* Task item
Look through the material below and copy exactly the lines from the line with "CREATE TABLE IF NOT EXISTS test_tab" to the line with "PRINT str; </code>", those two lines included.

* Information
+ + + +

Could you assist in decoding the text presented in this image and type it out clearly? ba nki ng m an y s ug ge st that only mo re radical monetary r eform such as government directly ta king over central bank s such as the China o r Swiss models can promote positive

+ + + +

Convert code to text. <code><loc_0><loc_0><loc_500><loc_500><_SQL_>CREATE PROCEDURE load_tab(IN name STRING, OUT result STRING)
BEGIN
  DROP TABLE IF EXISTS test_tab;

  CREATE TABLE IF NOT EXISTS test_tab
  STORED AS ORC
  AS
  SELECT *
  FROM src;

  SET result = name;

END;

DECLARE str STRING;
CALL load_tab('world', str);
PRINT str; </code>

+ + + +

* Task result
  CREATE TABLE IF NOT EXISTS test_tab
  STORED AS ORC
  AS
  SELECT *
  FROM src;

  SET result = name;

END;

DECLARE str STRING;
CALL load_tab('world', str);
PRINT str; </code>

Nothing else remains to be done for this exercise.